Binomial distribution examples: medical trials, toxicity tests, quality control (item is defective or it’s not).
Let’s say the average male height is 5’7” and the standard deviation is 2”. What is the probability of dating a male will be between 5’9” and 6’2”. For calculations sake, I will use centimeters.

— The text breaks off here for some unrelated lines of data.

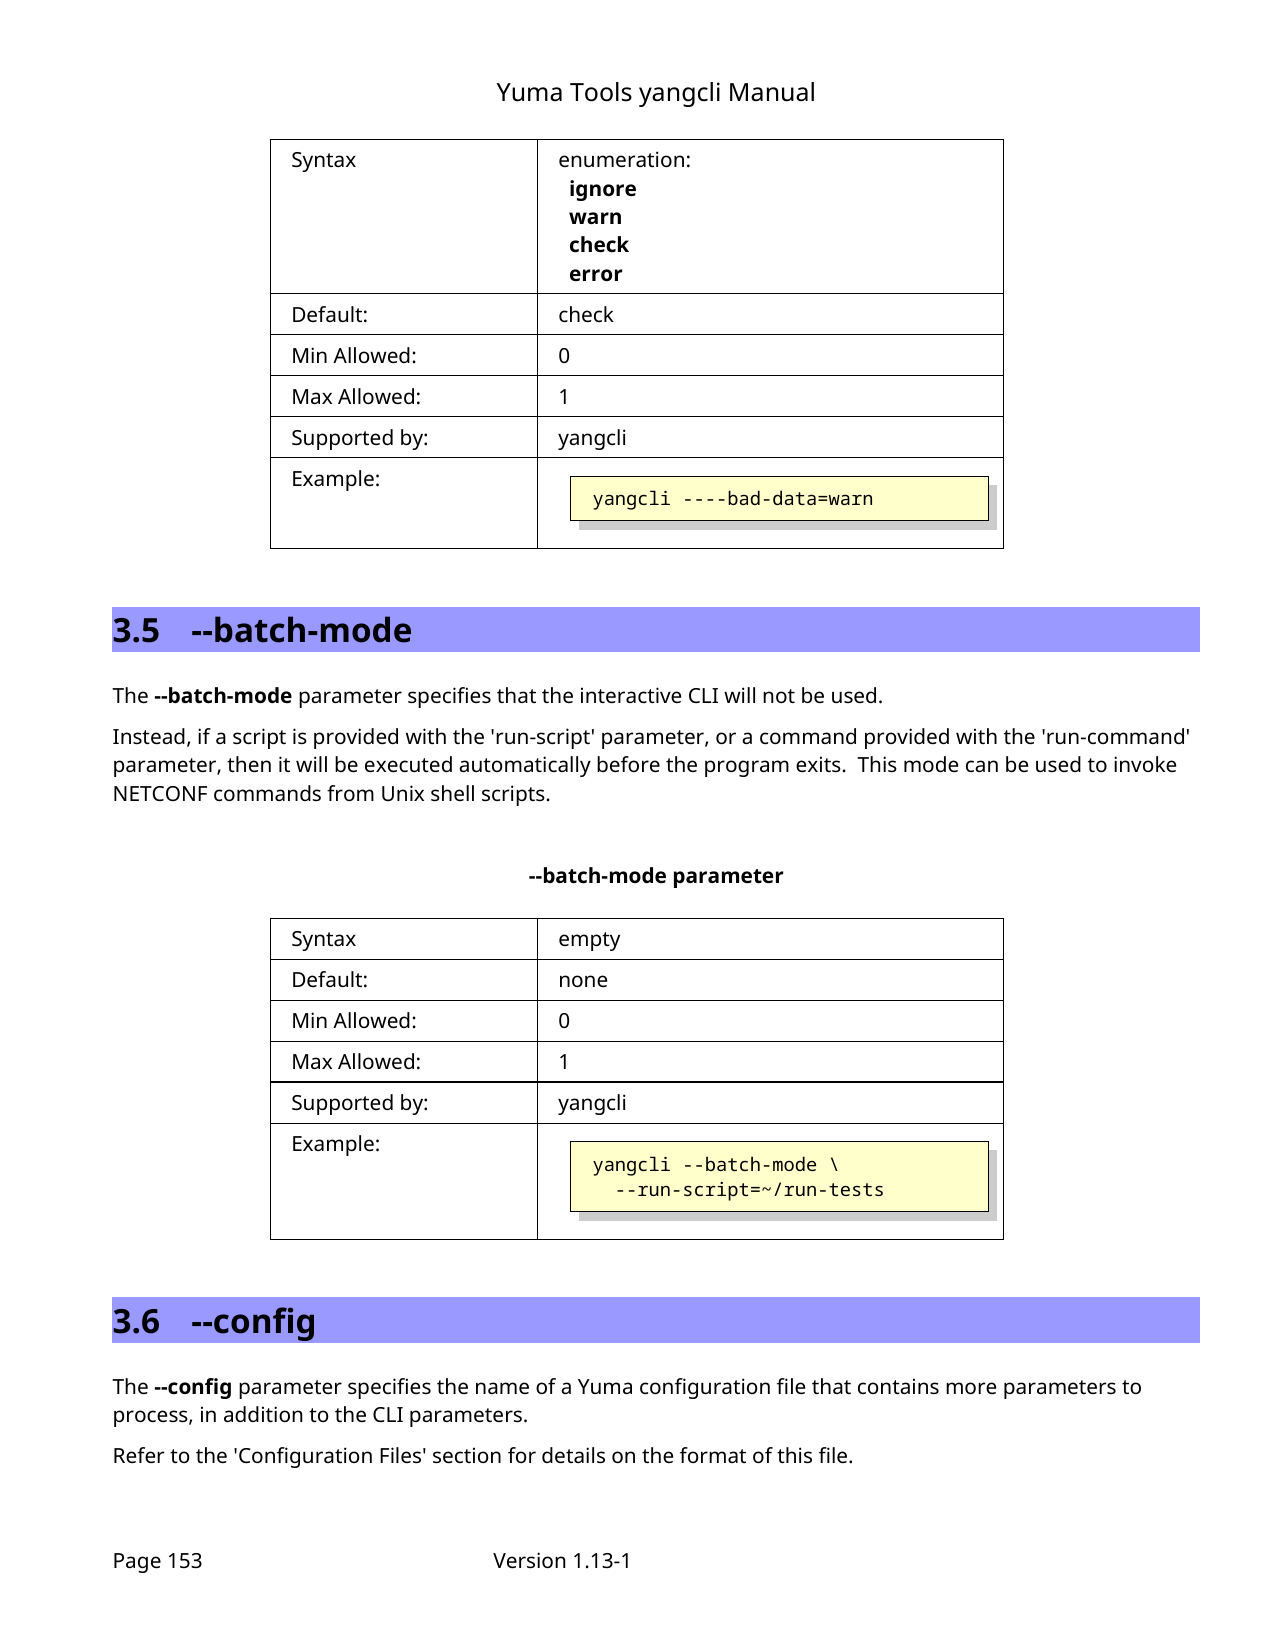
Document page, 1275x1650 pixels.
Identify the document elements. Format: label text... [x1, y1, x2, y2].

table_header Syntax [271, 140, 537, 293]
table_cell yangcli [538, 417, 1003, 457]
table_cell Example: [271, 1124, 537, 1239]
text The --batch-mode parameter specifies that the interactive CLI will not be used. [112, 681, 1200, 709]
subtitle --batch-mode [112, 607, 1200, 652]
table_cell check [538, 294, 1003, 334]
table_cell Max Allowed: [271, 1042, 537, 1081]
table_cell 0 [538, 335, 1003, 375]
table_cell 1 [538, 1042, 1003, 1081]
table_cell yangcli ----bad-data=warn [538, 458, 1003, 548]
table_cell yangcli --batch-mode \ --run-script=~/run-tests [538, 1124, 1003, 1239]
table_cell Max Allowed: [271, 376, 537, 416]
table_cell Supported by: [271, 417, 537, 457]
table_cell Default: [271, 294, 537, 334]
table_cell Supported by: [271, 1083, 537, 1122]
table_header enumeration: ignore warn check error [538, 140, 1003, 293]
text The --config parameter specifies the name of a Yuma configuration file that contains more parameters to process, in addition to the CLI parameters. [112, 1372, 1200, 1429]
table_header Syntax [271, 919, 537, 959]
table_cell Example: [271, 458, 537, 548]
text Refer to the 'Configuration Files' section for details on the format of this file. [112, 1441, 1200, 1470]
table_header empty [538, 919, 1003, 959]
table_cell Min Allowed: [271, 1001, 537, 1041]
table_cell 1 [538, 376, 1003, 416]
subtitle --config [112, 1297, 1200, 1343]
table_cell Default: [271, 960, 537, 999]
table_cell 0 [538, 1001, 1003, 1041]
table_cell none [538, 960, 1003, 999]
subtitle --batch-mode parameter [127, 861, 1185, 889]
table_cell Min Allowed: [271, 335, 537, 375]
text Instead, if a script is provided with the 'run-script' parameter, or a command provided with the 'run-command' parameter, then it will be executed automatically before the program exits. This mode can be used to invoke NETCONF commands from Unix shell scripts. [112, 722, 1200, 807]
table_cell yangcli [538, 1083, 1003, 1122]
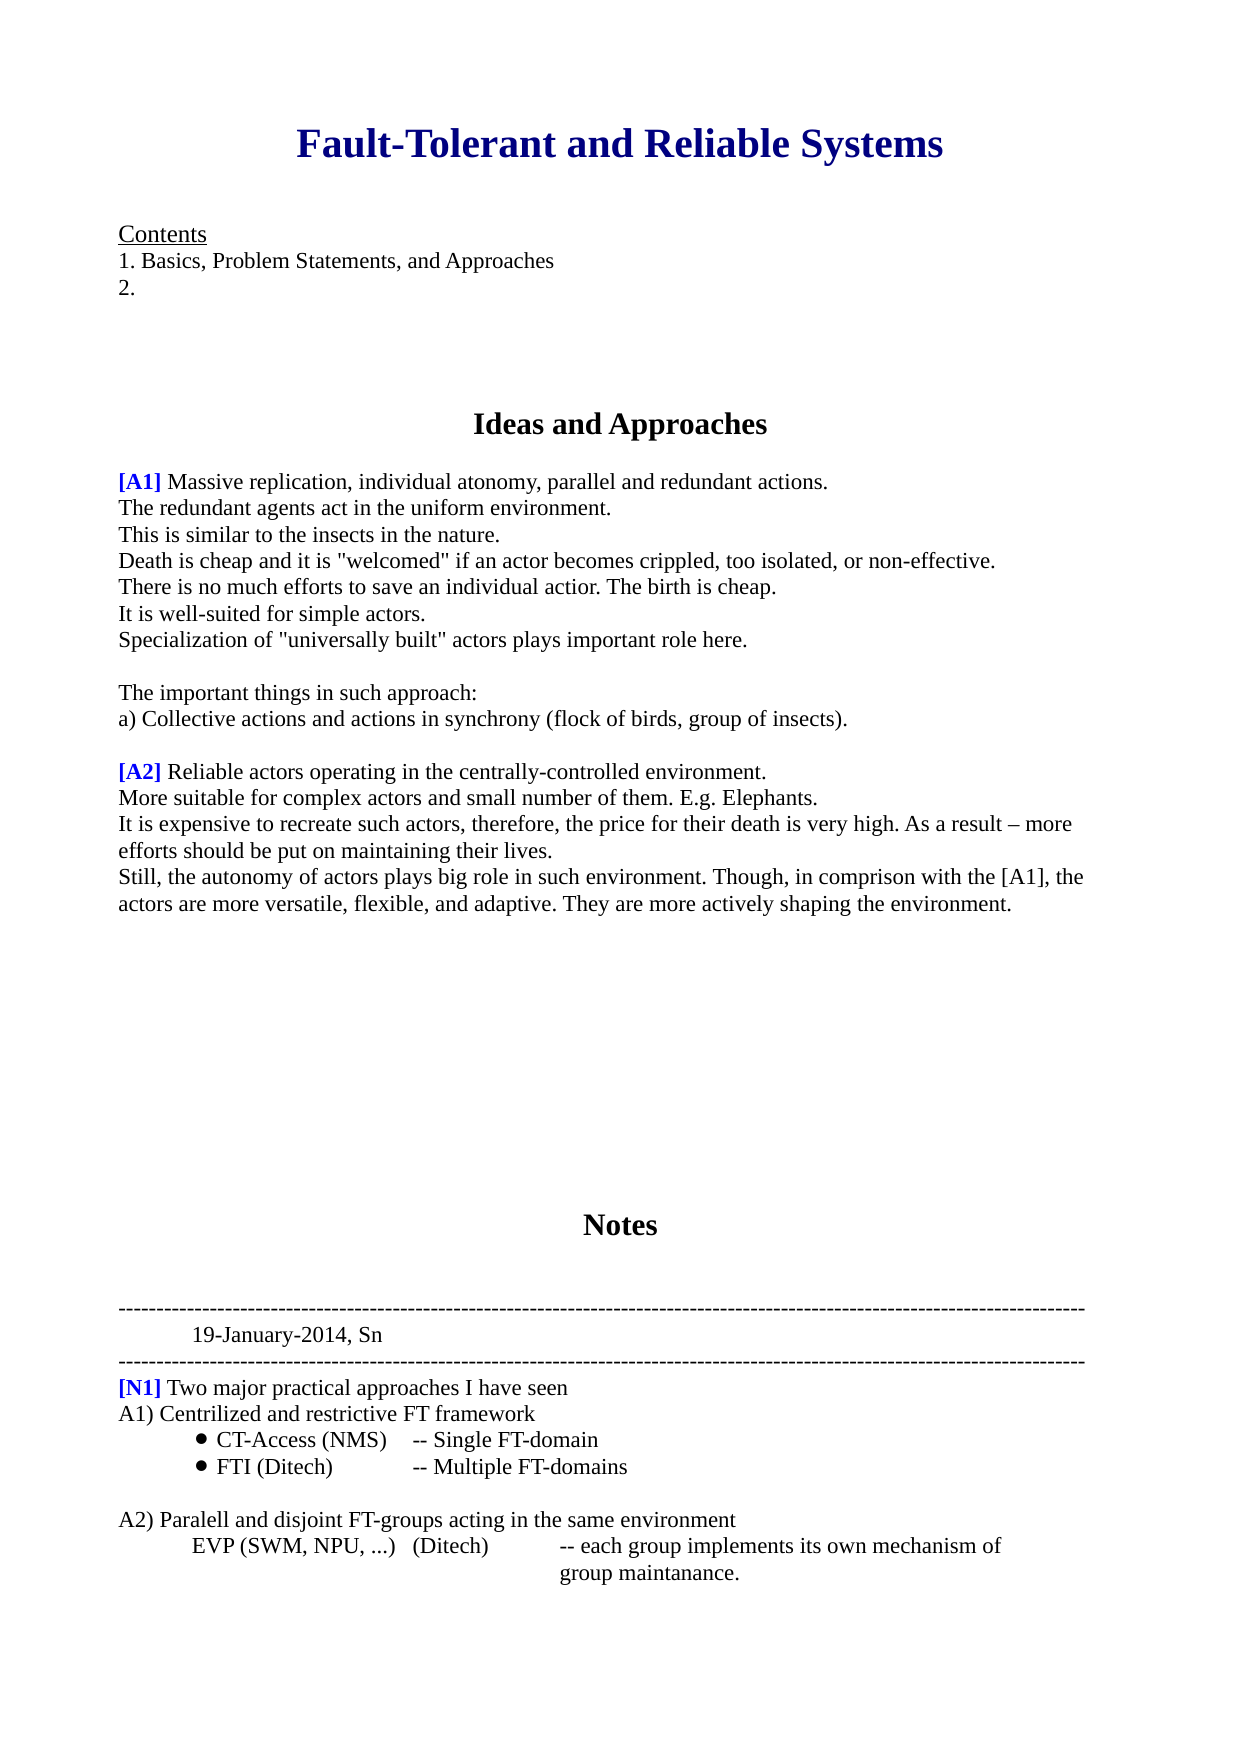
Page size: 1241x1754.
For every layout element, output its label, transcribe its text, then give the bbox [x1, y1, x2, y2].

text More suitable for complex actors and small number of them. E.g. Elephants. [118, 784, 1122, 811]
text There is no much efforts to save an individual actior. The birth is cheap. [118, 573, 1122, 600]
text [A2] Reliable actors operating in the centrally-controlled environment. [118, 758, 1122, 784]
text Ideas and Approaches [118, 406, 1122, 442]
text The important things in such approach: [118, 679, 1122, 705]
text 19-January-2014, Sn [118, 1321, 1122, 1347]
text Notes [118, 1206, 1122, 1242]
text 2. [118, 274, 1122, 300]
text The redundant agents act in the uniform environment. [118, 494, 1122, 521]
text A1) Centrilized and restrictive FT framework [118, 1400, 1122, 1426]
text EVP (SWM, NPU, ...) (Ditech) -- each group implements its own mechanism of [118, 1532, 1122, 1559]
text ------------------------------------------------------------------------------------------------------------------------------- [118, 1294, 1122, 1321]
text A2) Paralell and disjoint FT-groups acting in the same environment [118, 1506, 1122, 1532]
text 1. Basics, Problem Statements, and Approaches [118, 247, 1122, 274]
text ------------------------------------------------------------------------------------------------------------------------------- [118, 1347, 1122, 1373]
text Specialization of "universally built" actors plays important role here. [118, 626, 1122, 652]
text a) Collective actions and actions in synchrony (flock of birds, group of insects). [118, 705, 1122, 731]
text ⚫ CT-Access (NMS) -- Single FT-domain [118, 1426, 1122, 1453]
text This is similar to the insects in the nature. [118, 521, 1122, 547]
text Fault-Tolerant and Reliable Systems [118, 118, 1122, 166]
text It is well-suited for simple actors. [118, 600, 1122, 626]
text ⚫ FTI (Ditech) -- Multiple FT-domains [118, 1453, 1122, 1480]
text Still, the autonomy of actors plays big role in such environment. Though, in comprison with the [A1], the actors are more versatile, flexible, and adaptive. They are more actively shaping the environment. [118, 863, 1122, 916]
text group maintanance. [118, 1559, 1122, 1585]
text It is expensive to recreate such actors, therefore, the price for their death is very high. As a result – more efforts should be put on maintaining their lives. [118, 811, 1122, 863]
text [A1] Massive replication, individual atonomy, parallel and redundant actions. [118, 468, 1122, 494]
text Death is cheap and it is "welcomed" if an actor becomes crippled, too isolated, or non-effective. [118, 547, 1122, 573]
text [N1] Two major practical approaches I have seen [118, 1373, 1122, 1400]
text Contents [118, 219, 1122, 247]

#set the mean and standard deviation
mu <- 170.18
sigma <- 5.08
#Generate a range of values around the mean
x <- seq(from = mu - 3*sigma,
to = mu + 3*sigma,
length.out = 200
)
#Calculate the PDF
pdf <- dnorm(x = x,
mean = mu,
sd = sigma
)
#Plot the normal distribution
plot(x = x,
y = pdf,
type = 'l',
col = 'red',
lwd = 2,
xlab = 'Height',
ylab = 'Density',
main = 'Normal Distribution with Mean 170cm and SD 5cm'
)
Let’s plot the area to understand probability of dating a male between 5’9” and 6’2”.
plot(x = x,
y = pdf,
type = 'l',
col = 'blue',
lwd = 2,
xlab = 'Height',
ylab = 'Density',
main = 'Normal Distribution with Mean 170cm and SD 5cm'
)
# Shade the area under the curve for values below 96
x_shade <- seq(from = 175.26,
to = 187.96,
length.out = 1000
)
pdf_shade <- dnorm(x = x_shade,
mean = mu,
sd = sigma
)
?rev
polygon(x = c(x_shade, rev(x_shade)),
y = c(pdf_shade, rep(x = 0,
times = length(pdf_shade)
)
),
col = 'red',
border = NA
)
Let’s calculate the probability
pnorm(q = 187.96, mean = mu, sd = sigma) - pnorm(q = 175.26, mean = mu, sd = sigma)
## [1] 0.1584226
#explicitly state the upper tail argument
pnorm(q = 187.96, mean = mu, sd = sigma, lower.tail = T) - pnorm(q = 175.26, mean = mu, sd = sigma, lower.tail = T)
## [1] 0.1584226
1 - pnorm(q = 187.96, mean = mu, sd = sigma, lower.tail = F) - (1-pnorm(q = 175.26, mean = mu, sd = sigma, lower.tail = F))
## [1] 0.1584226
The probability of dating a male between 5’9” and 6’2” is .1584.
#modeled as Binomial
# What is N? 50
# What is $\pi$? .12 or 6/50
# x = 4
?dbinom
dbinom(x = 4,
size = 50,
prob = .12
)
## [1] 0.1334203
The answer is 0.1334.
#modeled as Poisson
N <- 50
pi <- 6
dpois(4, 6)
## [1] 0.1338526
Answer is 0.1339.
Results are very similar between Poisson and binomial. Likely because the Poisson distribution can be used to approximate the binomial distribution when the number of trials is large and the probability of success is small.